A course in advanced composition, with emphasis on reasoning and organization, and with special attention to principles of style. Part of the course will consist of discussion of student work, as well as the study of trends of thought and the literary techniques of published essayists. Prerequisites: ENG 103. Instructor: O'Brien.

  ENG 275 Introduction to Creative Writing

An introduction to the writing of poetry, fiction, creative nonfiction, and drama, with approximately equal time spent on each genre. Students will study the forms and techniques used by successful writers as models for their own work and will read and critique the writing of other students in a workshop format. Prerequisites: ENG 103. Instructor: O'Brien.

  GOG 101 Introduction to Geography

This course explores the discipline of geography from the dual perspective of the natural and social sciences. Through an examination of key concepts, tools, and methodologies of both physical and human geography, students will be encouraged to develop an understanding of the interaction of human factors such as population, culture and economic or political organization with the physical environment. Instructor: Brown.
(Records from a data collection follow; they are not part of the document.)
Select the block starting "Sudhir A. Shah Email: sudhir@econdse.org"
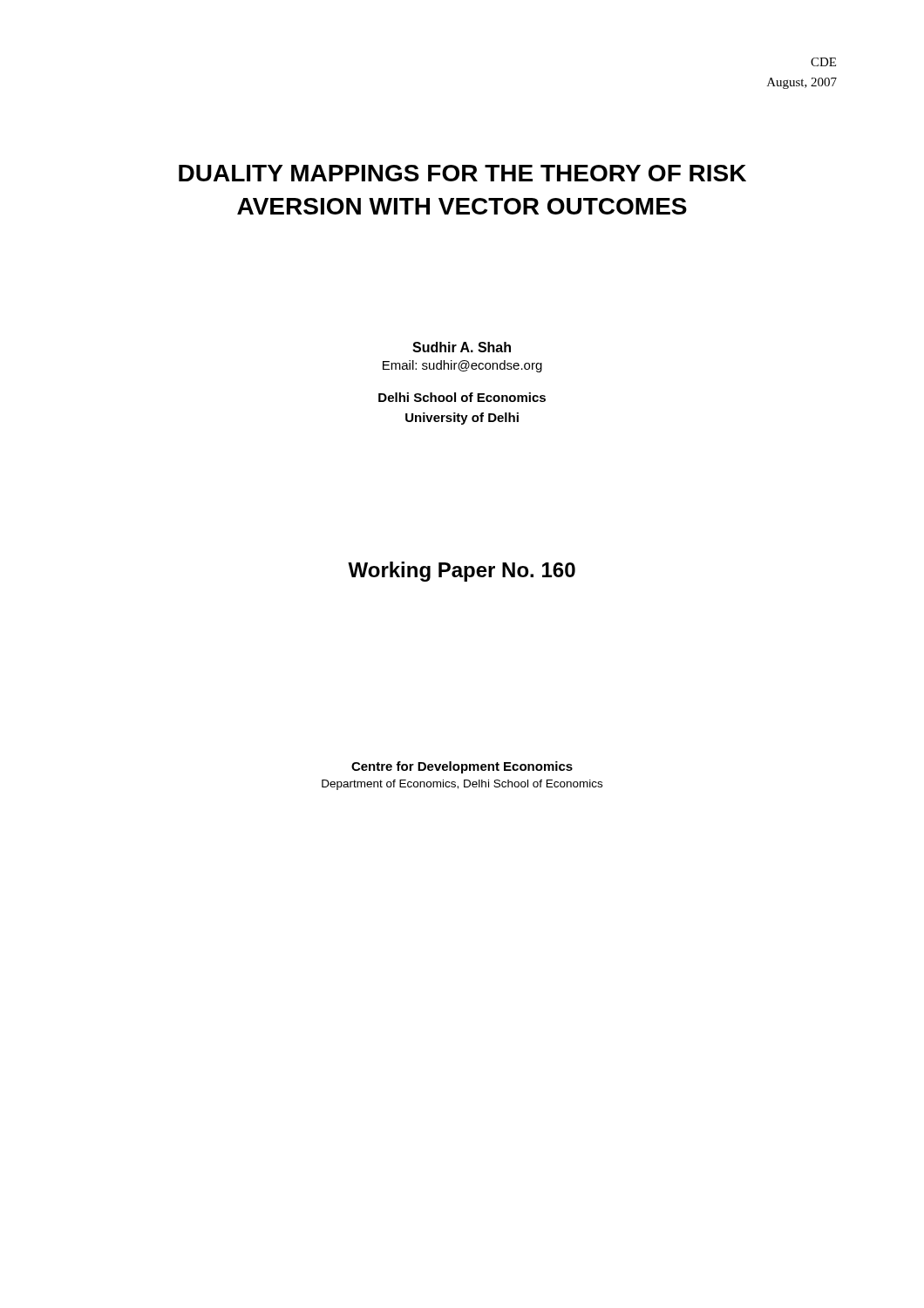 tap(462, 384)
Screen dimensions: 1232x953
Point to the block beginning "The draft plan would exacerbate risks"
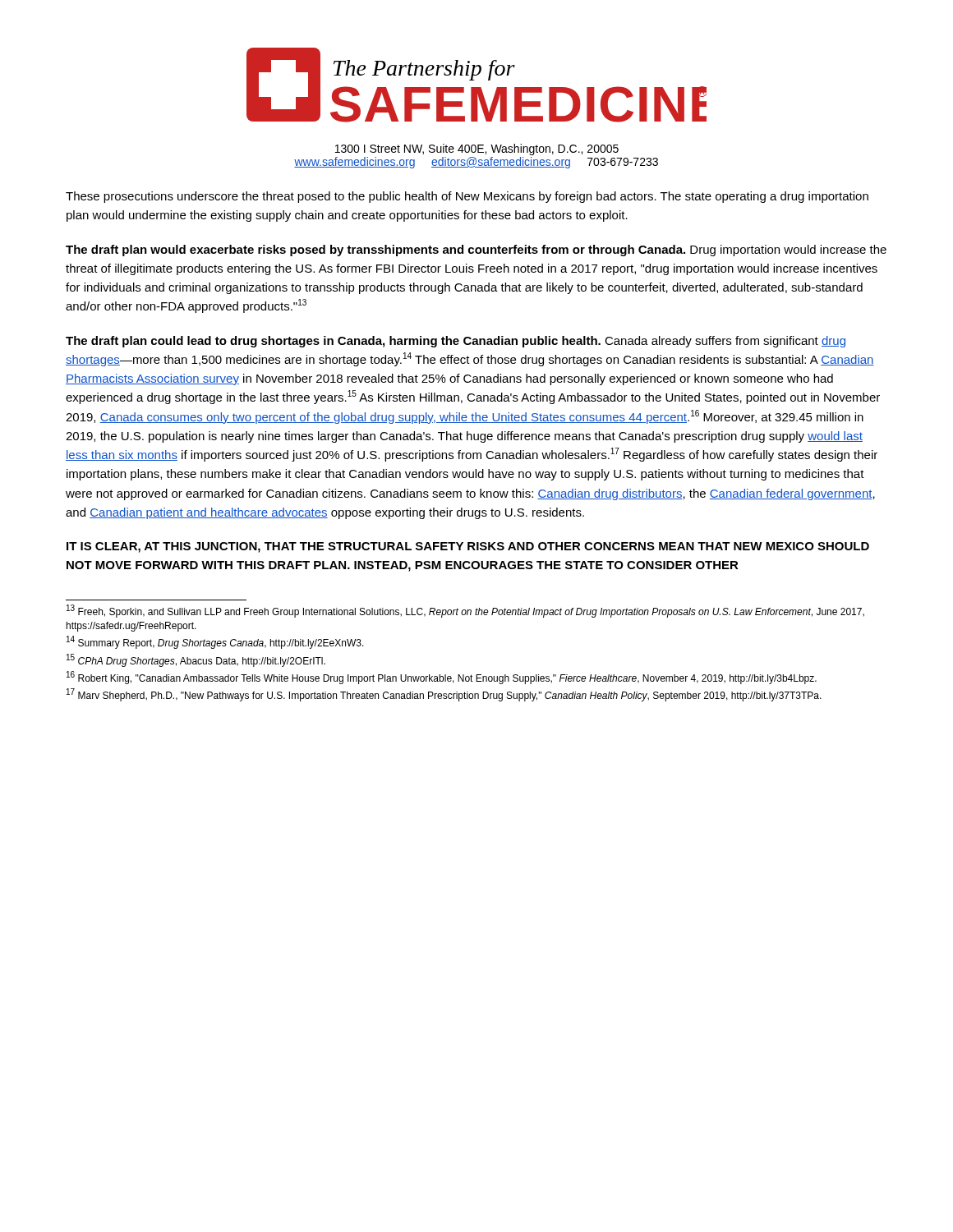tap(476, 278)
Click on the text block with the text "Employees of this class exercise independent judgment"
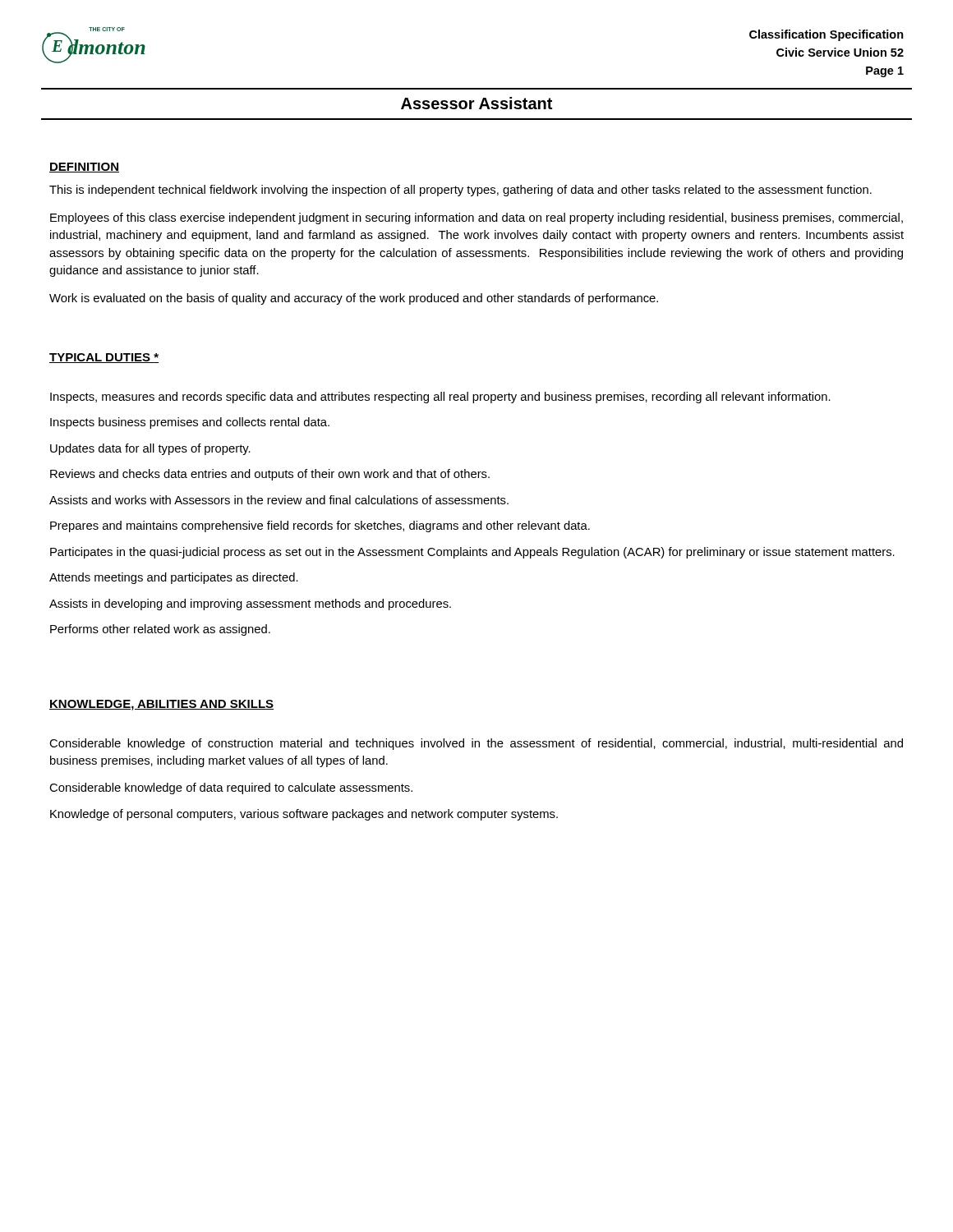 [x=476, y=244]
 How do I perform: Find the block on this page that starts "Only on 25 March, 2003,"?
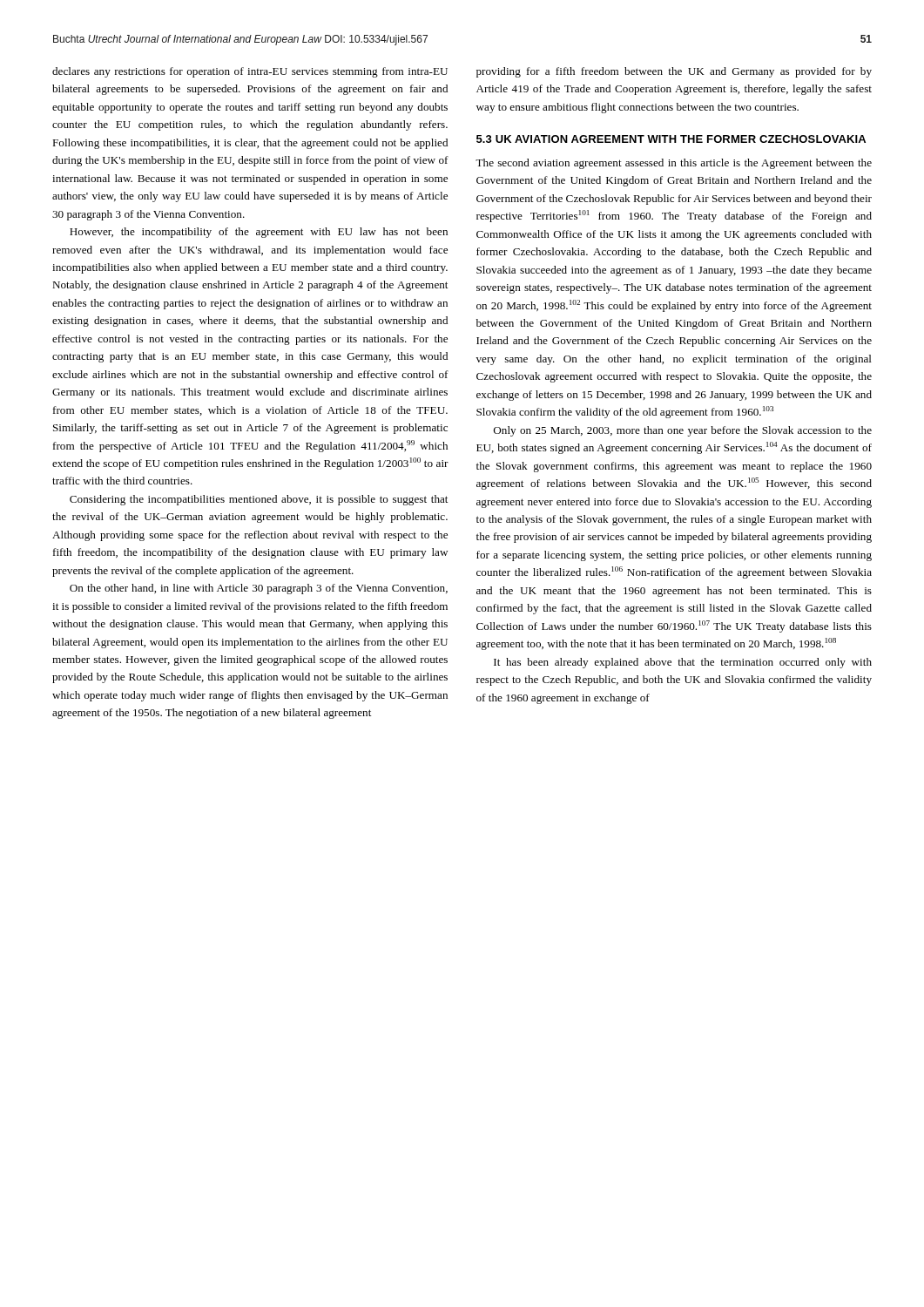(x=674, y=537)

  HES 251 Introduction to Nutrition

This is an introductory nutrition class covering the major nutrients (carbohydrates, lipids, proteins, vitamins, minerals, and water) and their role in energy balance, weight management, the digestive process, and overall health. Students will learn the basics of healthy eating through the life cycle along with the basic nutritional science concepts of metabolism and digestion. Students will also learn about 123 nutrition misinformation, fad diets, and food politics. This course will give students the fundamental knowledge they will need to make informed decisions about foods. Instructor: Gowin.

  SOC 111 Introduction to Sociology

This course provides an introduction to the theories and methods used by sociologists to understand society. It explores topics ranging from culture to social institutions, including education, the economy, and government. It also examines how social identities, such as race, class, and gender affect people's lives and life chances. Counts toward the Tier II, Human Behavior and Social Institutions context. Instructor: Fein.